Work task
Within the entries below, please return exactly the lines from the one with "This screenshot has width=953, height=1232." through the one with "This screenshot has height=953, width=1232.", leaving out any pictures.

Data extracts
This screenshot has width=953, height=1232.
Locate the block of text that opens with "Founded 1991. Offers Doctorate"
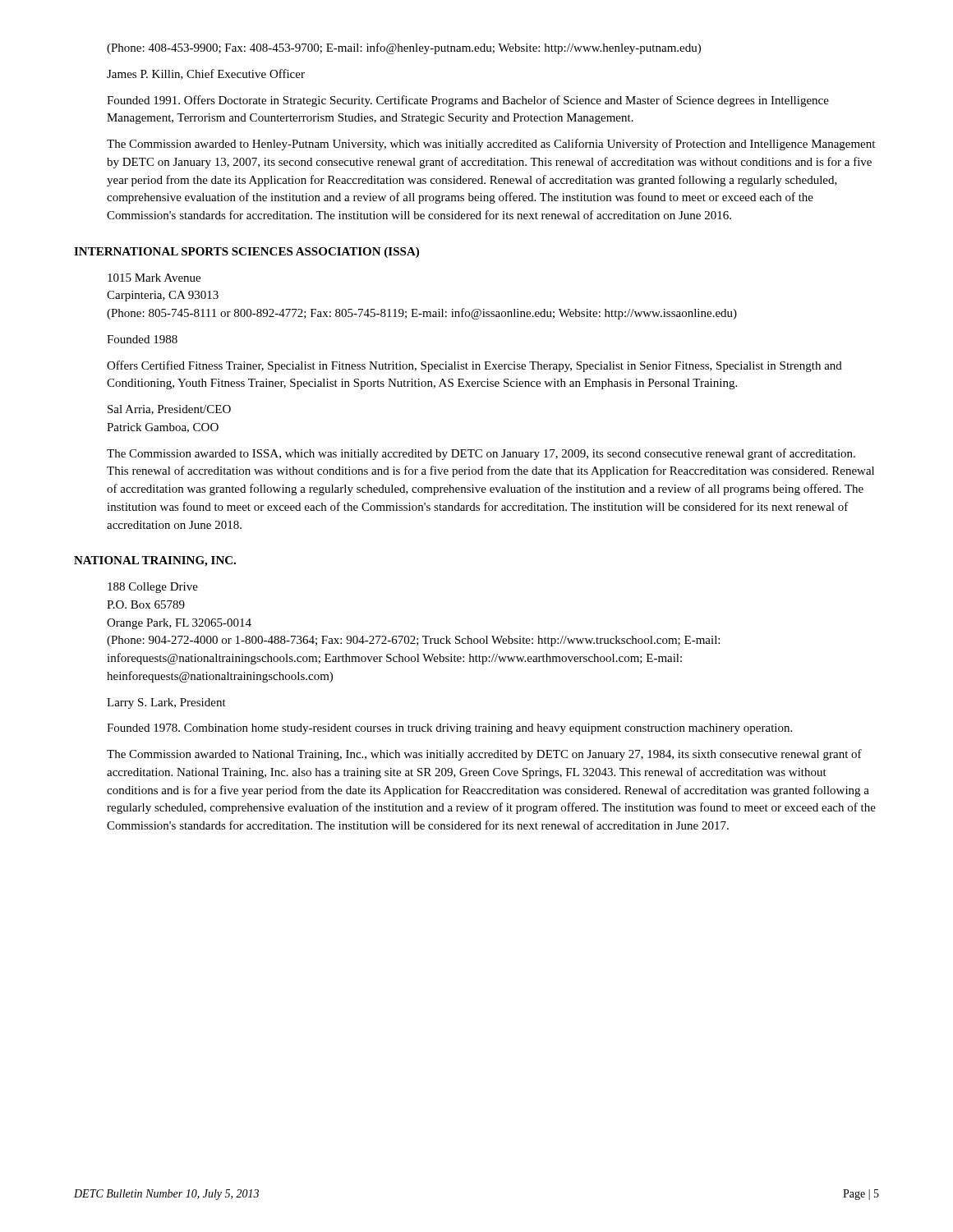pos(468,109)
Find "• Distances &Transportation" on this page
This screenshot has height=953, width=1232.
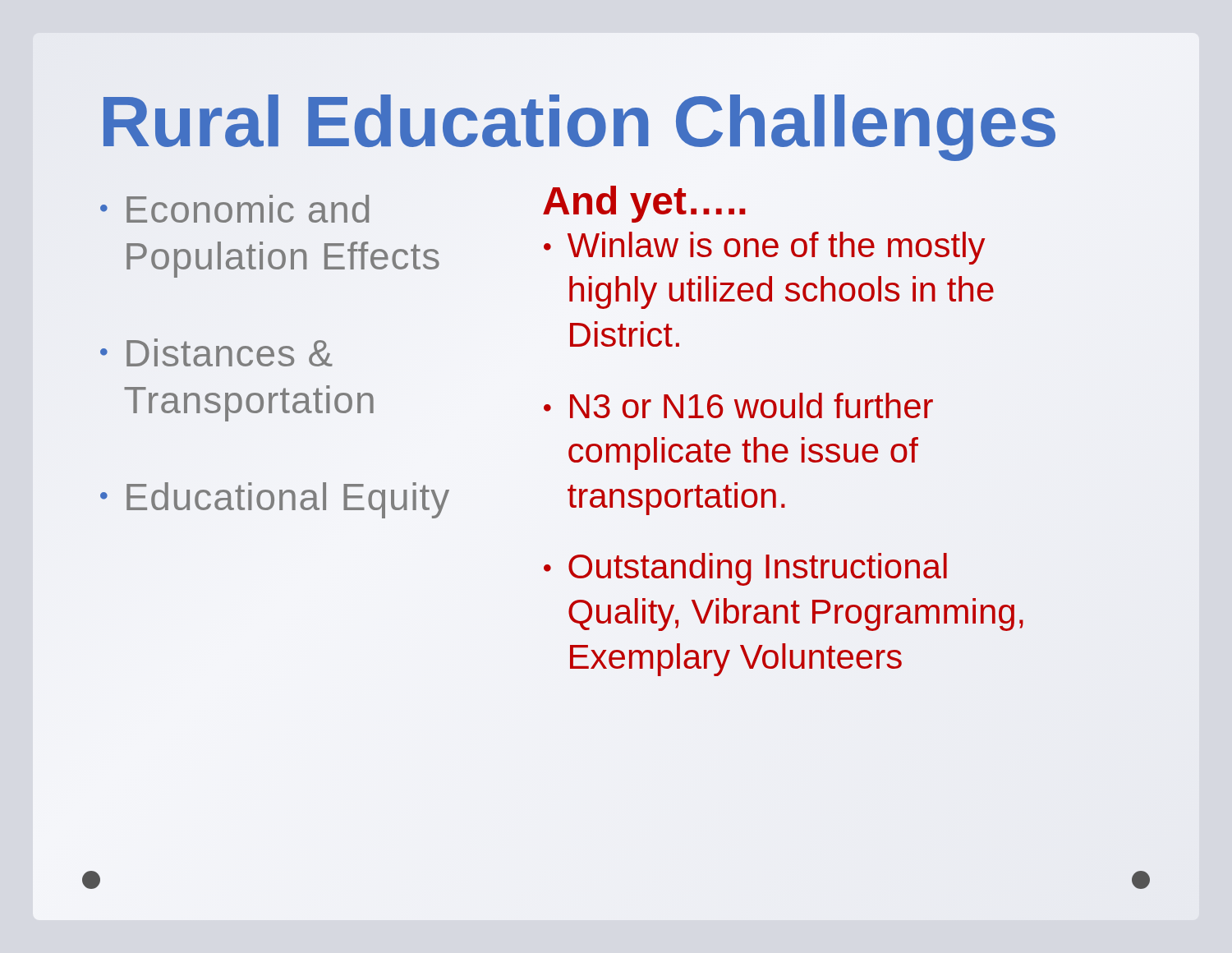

==

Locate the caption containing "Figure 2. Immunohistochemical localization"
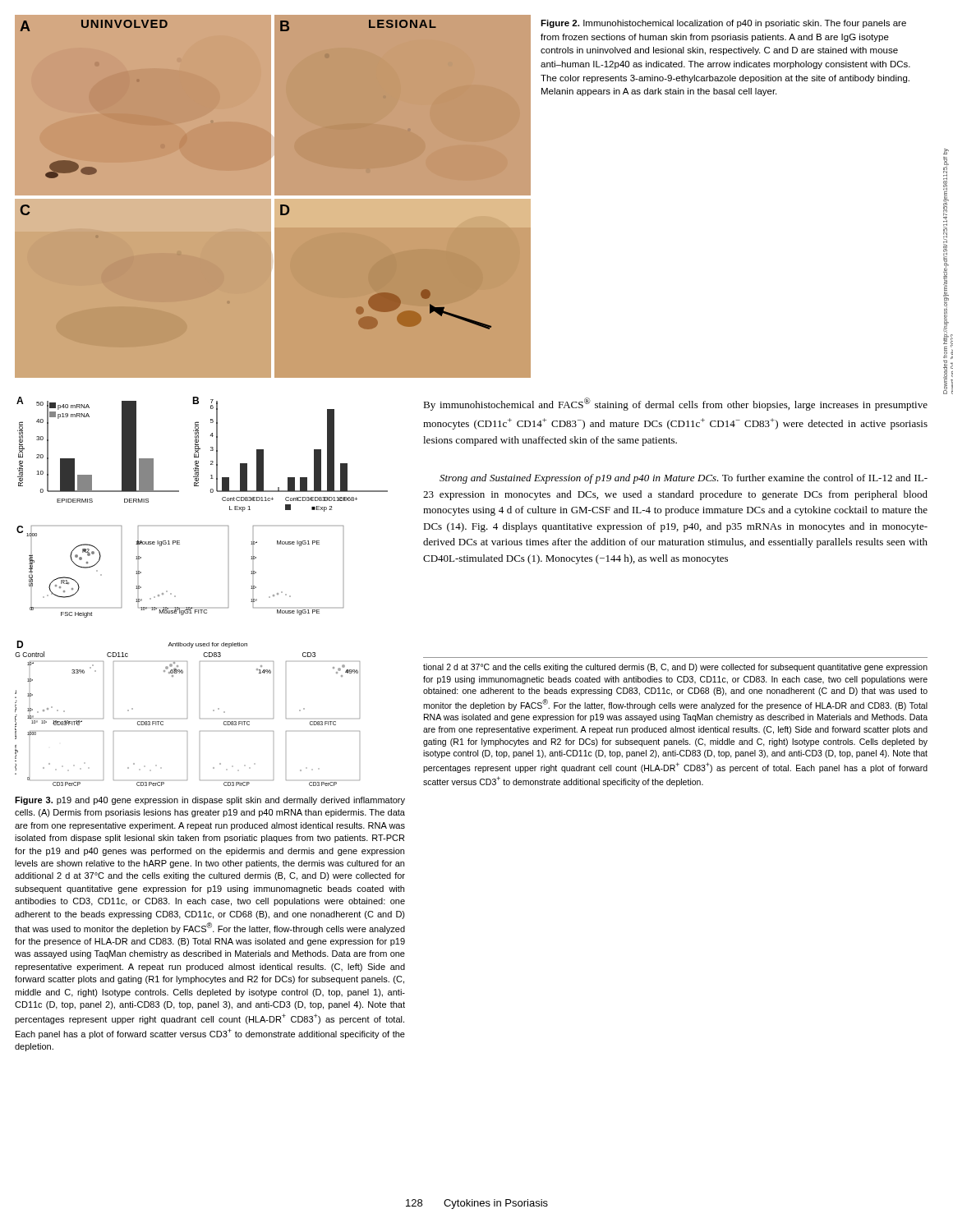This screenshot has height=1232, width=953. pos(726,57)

==

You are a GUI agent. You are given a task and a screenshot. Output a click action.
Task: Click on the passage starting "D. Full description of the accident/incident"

Exercise solution
This screenshot has width=953, height=1232.
Locate the block of text that opens with "Founded 1991. Offers Doctorate"
pos(468,109)
Find "• Distances &Transportation" on this page
This screenshot has height=953, width=1232.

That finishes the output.